■ Exercise material
*** Block opens ***

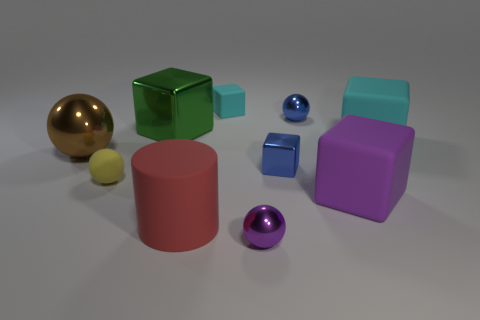There is a cyan rubber object that is on the right side of the tiny metal cube; what is its size?
Ensure brevity in your answer.  Large. What shape is the small purple shiny object?
Keep it short and to the point. Sphere. There is a sphere behind the brown metal ball; is its size the same as the ball that is to the left of the yellow rubber thing?
Provide a short and direct response. No. There is a shiny cube that is right of the big matte thing that is on the left side of the object in front of the red matte cylinder; how big is it?
Your answer should be very brief. Small. What is the shape of the cyan thing that is behind the cyan object to the right of the blue metal thing that is on the left side of the blue metallic sphere?
Give a very brief answer. Cube. What shape is the tiny matte object on the right side of the matte cylinder?
Ensure brevity in your answer.  Cube. Is the small purple object made of the same material as the cyan thing that is behind the big green thing?
Your response must be concise. No. How many other objects are the same shape as the large red object?
Your response must be concise. 0. Is the color of the small metallic block the same as the tiny metal thing that is behind the large brown thing?
Offer a terse response. Yes. What is the shape of the metallic object behind the metal cube left of the small blue metallic block?
Your response must be concise. Sphere. 
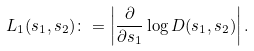Convert formula to latex. <formula><loc_0><loc_0><loc_500><loc_500>L _ { 1 } ( s _ { 1 } , s _ { 2 } ) \colon = \left | \frac { \partial } { \partial s _ { 1 } } \log D ( s _ { 1 } , s _ { 2 } ) \right | .</formula> 
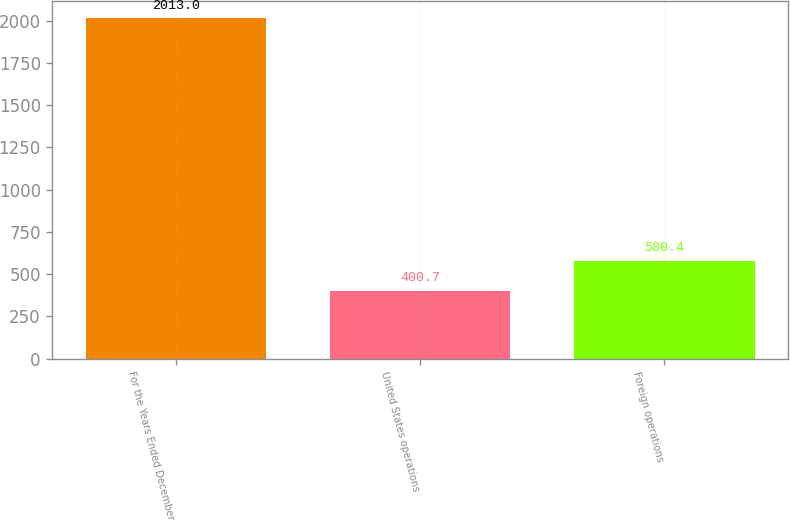Convert chart. <chart><loc_0><loc_0><loc_500><loc_500><bar_chart><fcel>For the Years Ended December<fcel>United States operations<fcel>Foreign operations<nl><fcel>2013<fcel>400.7<fcel>580.4<nl></chart> 
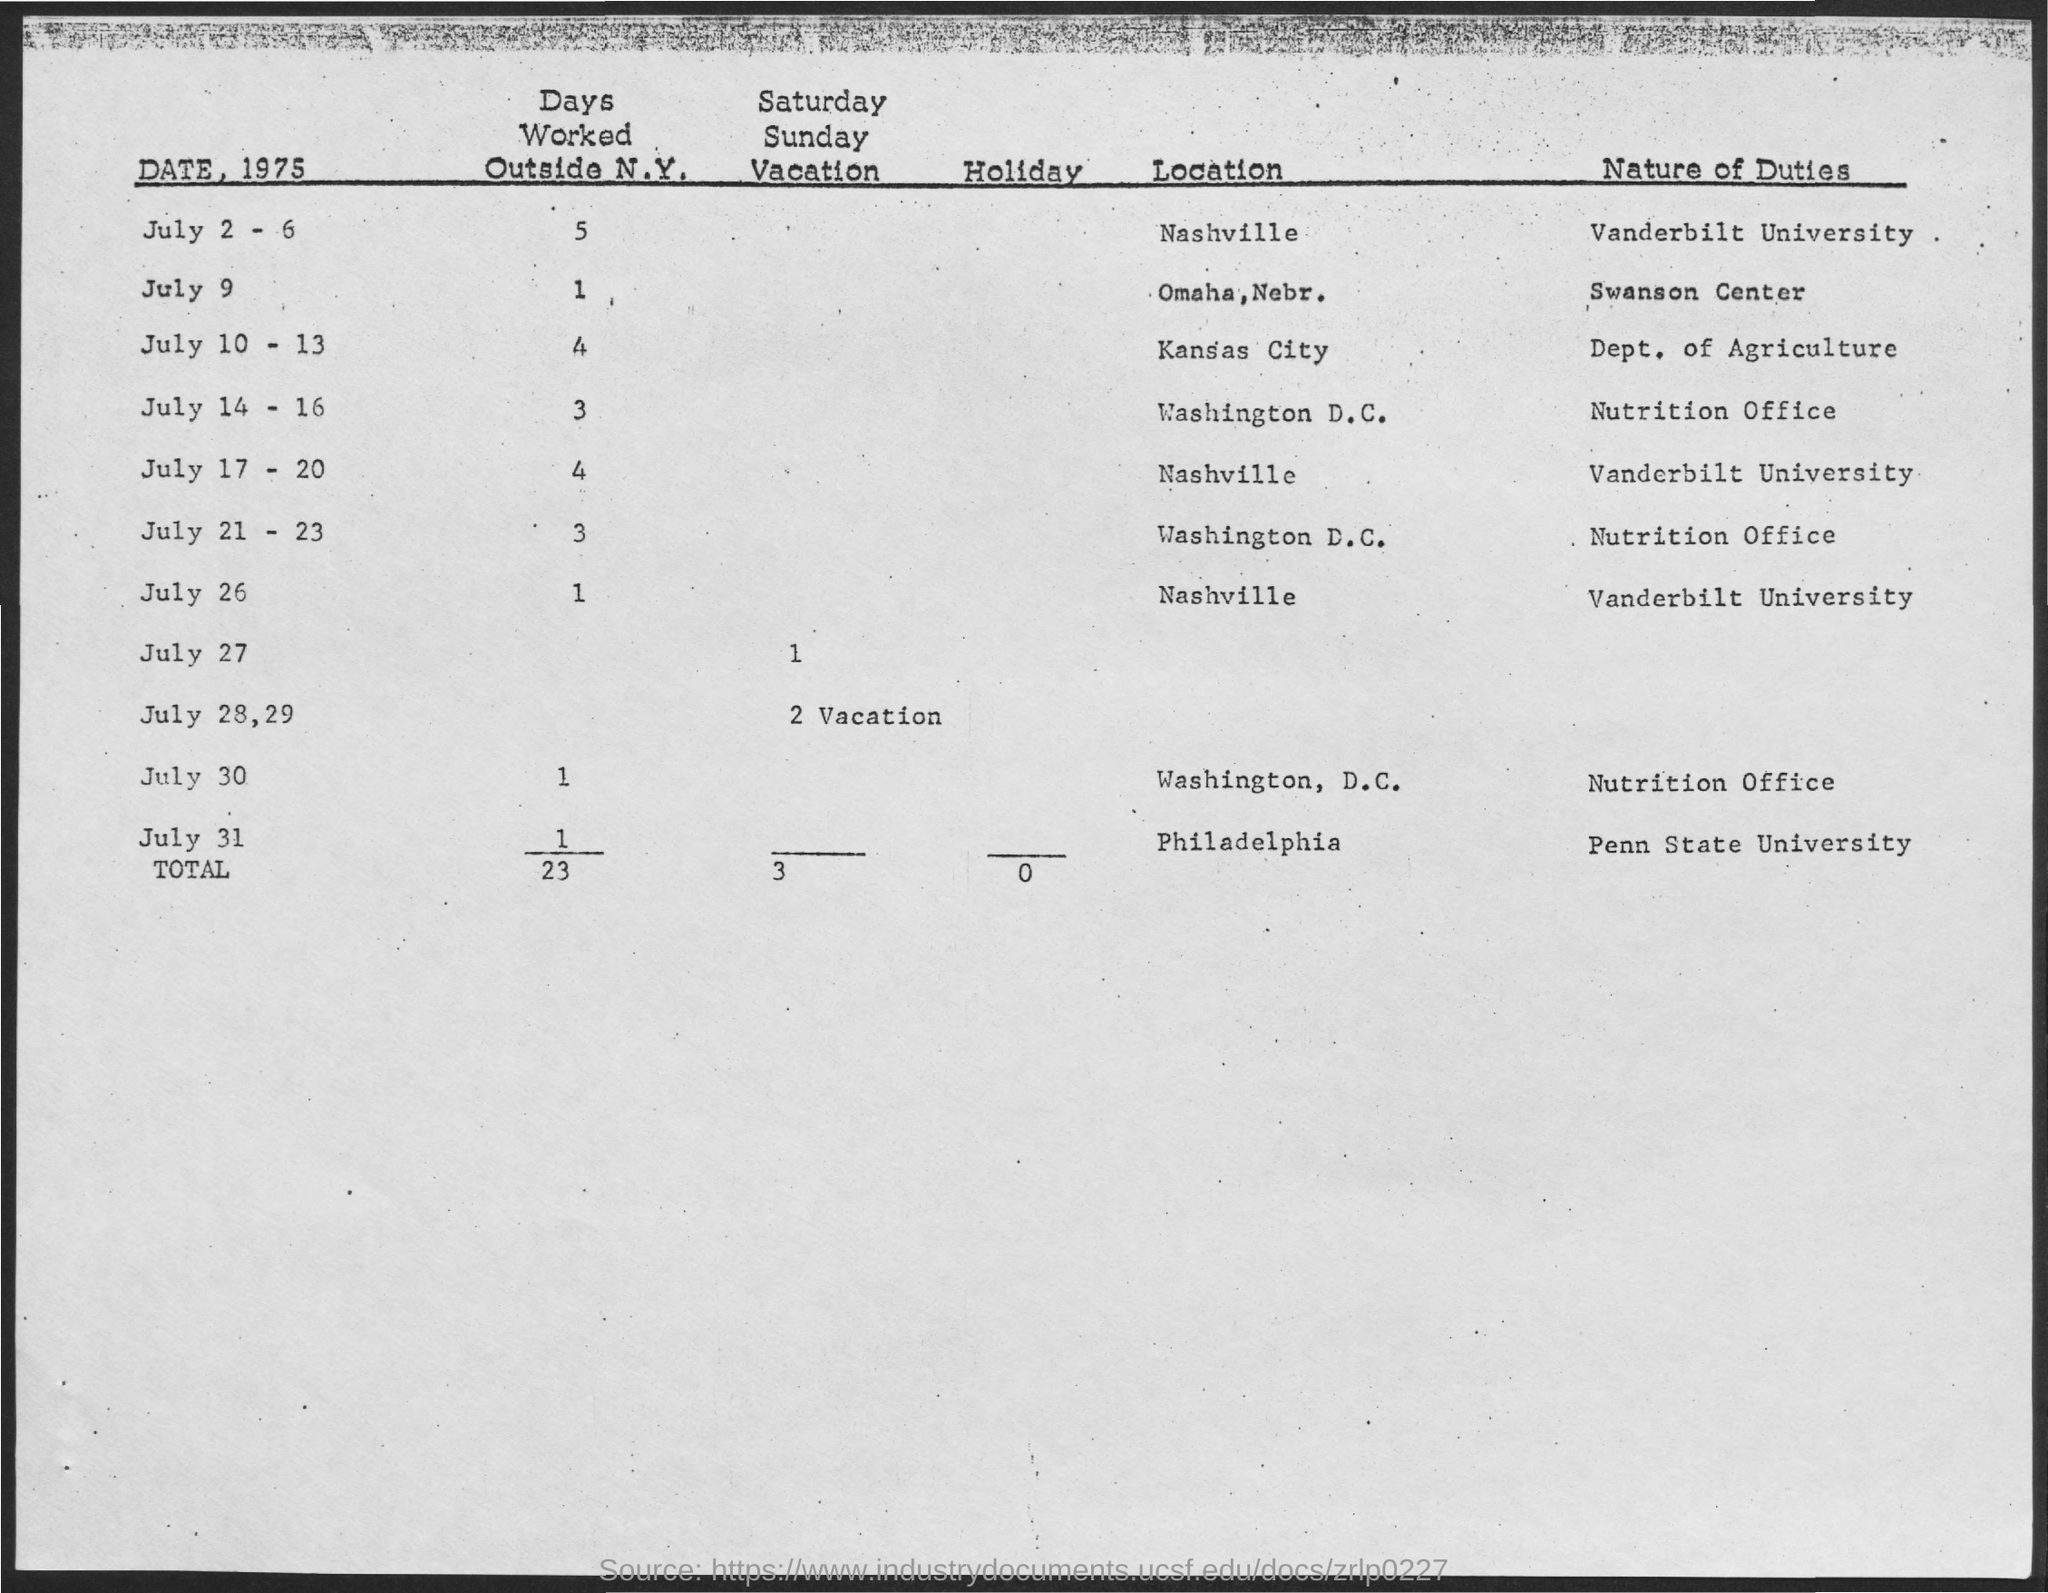What is the total number of days worked outside N.Y.?
Provide a succinct answer. 23. What is the total number of Saturday, Sunday vacations?
Offer a very short reply. 3. What is the total number of Holidays?
Provide a succinct answer. 0. What is the nature of duty on July 9?
Your response must be concise. Swanson center. What is the nature of duty on July 30?
Provide a short and direct response. Nutrition Office. What is the number of days worked outside N.Y. on July 9?
Give a very brief answer. 1. What is the location on July 26?
Provide a short and direct response. Nashville. What is the nature of duty on July 31?
Your answer should be very brief. Penn state university. What is the location on July 21-23?
Offer a terse response. Washington D.C. The nature of duty "Dept. of Agriculture" is on which day?
Your answer should be compact. July 10 - 13.

*** Block closes ***

■ Problem to work on
No pictures should appear; only the lines from the first line of the records through the line with "Your response must be concise. Sphere.", both included, are to be restated word for word.

■ Solution for this task
There is a cyan rubber object that is on the right side of the tiny metal cube; what is its size?
Ensure brevity in your answer.  Large. What shape is the small purple shiny object?
Keep it short and to the point. Sphere. There is a sphere behind the brown metal ball; is its size the same as the ball that is to the left of the yellow rubber thing?
Provide a short and direct response. No. There is a shiny cube that is right of the big matte thing that is on the left side of the object in front of the red matte cylinder; how big is it?
Your answer should be very brief. Small. What is the shape of the cyan thing that is behind the cyan object to the right of the blue metal thing that is on the left side of the blue metallic sphere?
Give a very brief answer. Cube. What shape is the tiny matte object on the right side of the matte cylinder?
Ensure brevity in your answer.  Cube. Is the small purple object made of the same material as the cyan thing that is behind the big green thing?
Your response must be concise. No. How many other objects are the same shape as the large red object?
Your response must be concise. 0. Is the color of the small metallic block the same as the tiny metal thing that is behind the large brown thing?
Offer a terse response. Yes. What is the shape of the metallic object behind the metal cube left of the small blue metallic block?
Your response must be concise. Sphere. 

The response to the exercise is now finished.